Recent discussions with US and Canadian senior decision-makers indicated that agentic AI is moving from concept to real-world experimentation across industries, including healthcare, financial services, hospitality, and insurance. The appeal is obvious: systems that can make independent decisions with minimal human intervention can remove friction from workflows that have historically been slow, manual, and costly.
The same discussions were equally clear on the risk. The more autonomy you give an agent, the more you must invest in trust, governance, and human oversight. In practice, agentic AI is not a technology decision. It is an operating model decision.
This article translates what emerged in those discussions into a production-minded blueprint: where agentic AI can help, why it fails without guardrails, and what “safe autonomy” should look like in 2026.

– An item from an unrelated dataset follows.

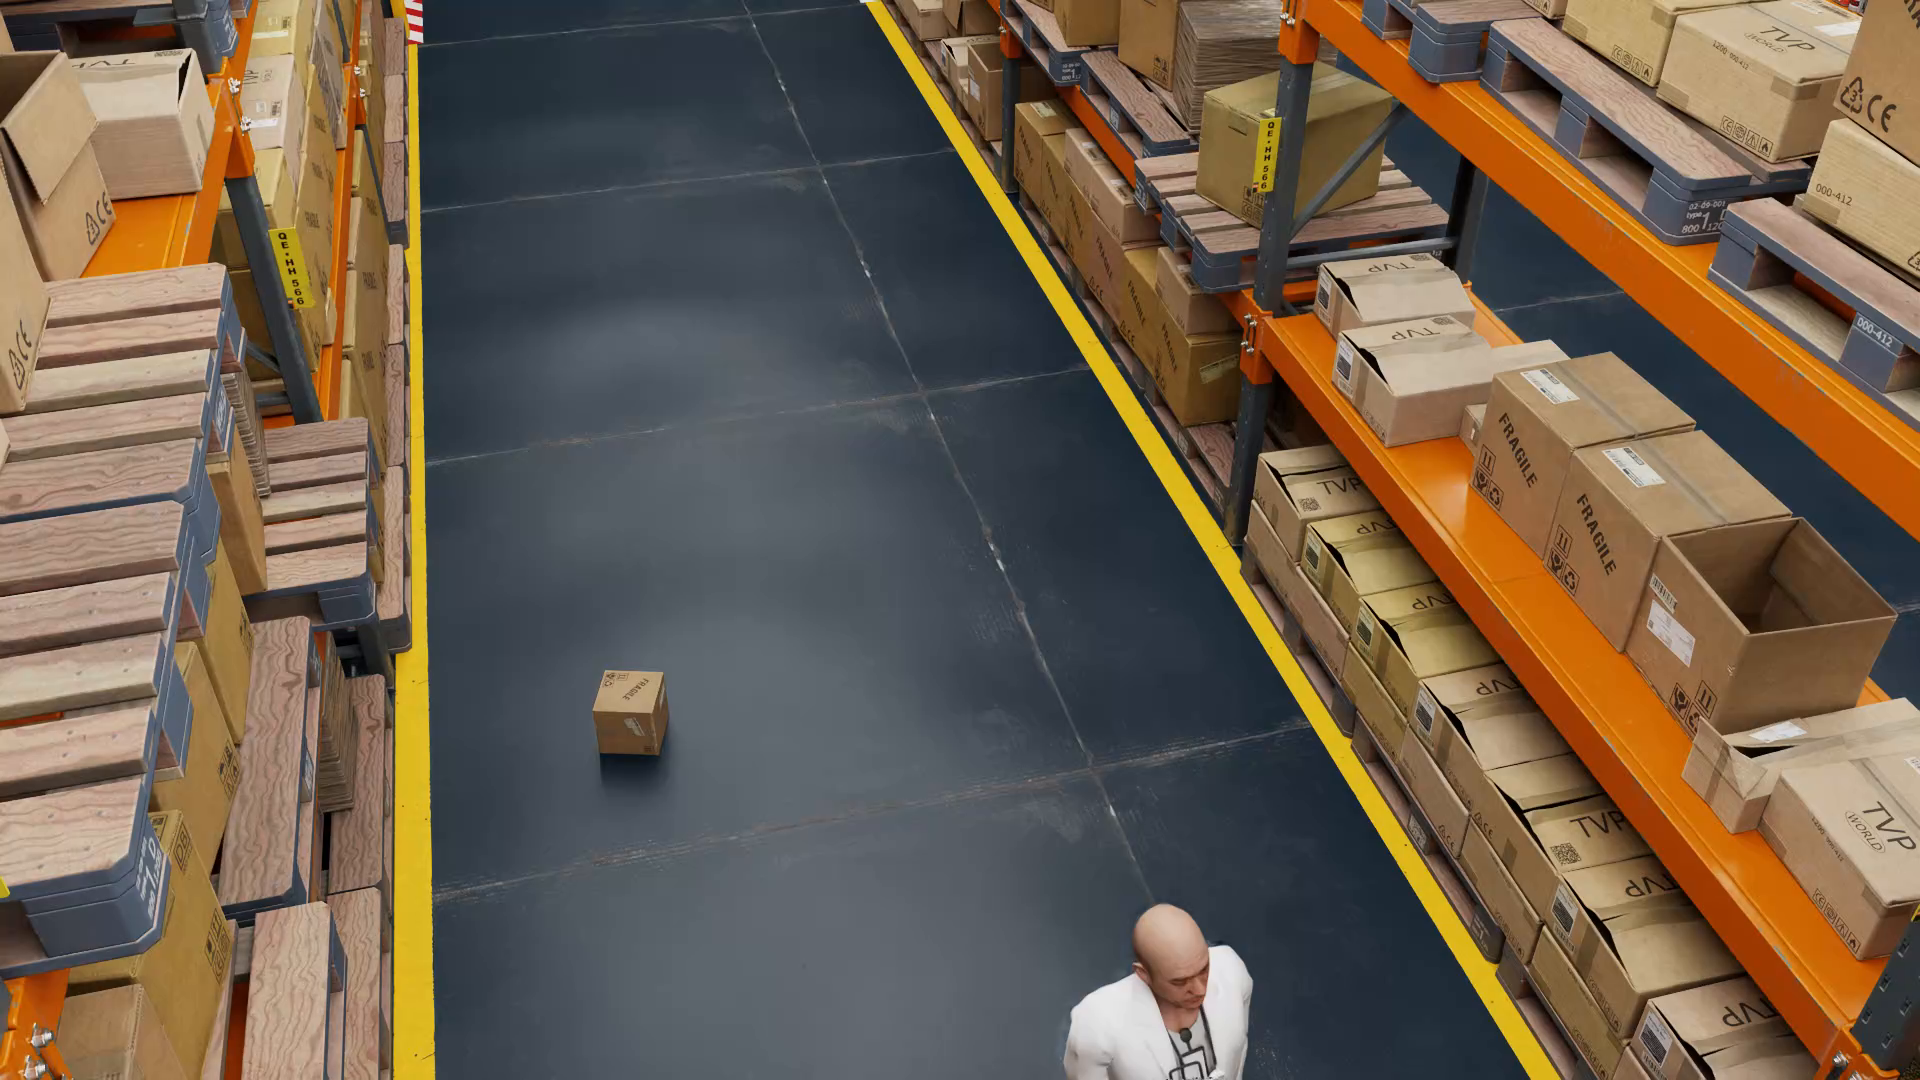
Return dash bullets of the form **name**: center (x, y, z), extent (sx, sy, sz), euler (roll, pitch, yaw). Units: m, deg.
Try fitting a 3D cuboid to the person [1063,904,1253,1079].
- **person**: center (0.546, 1.652, 4.551), extent (0.582, 1.776, 0.531), euler (-14, 40, -18)

What agentic AI is actually changing
Decision-makers described a shift from human-led workflows to AI-driven workflows, especially for backend processes, data entry tasks, and scalability demands. The difference with agentic AI is not only that it can generate content or insights. It can choose actions.
That shift changes the risk profile immediately. When a system can initiate actions, errors become operational incidents, not analytics disagreements.
Several practical initiatives were discussed that illustrate where organisations are aiming first:
- Voice AI designed to handle 10 to 20 percent of customer calls
- Intelligent document processing aimed at automating 70 to 80 percent of data ingestion from multiple systems
- Agentic systems intended to manage disputes more efficiently
These are high-value targets, and they sit inside workflows that touch customers, regulators, financial outcomes, and brand trust. That is why guardrails are not optional.
Why “minimal human intervention” is not the same as “no human oversight”
A consistent theme was that agentic AI adoption is still in its infancy in many environments, and leaders are reluctant to expand autonomy without high accuracy. That stance is rational.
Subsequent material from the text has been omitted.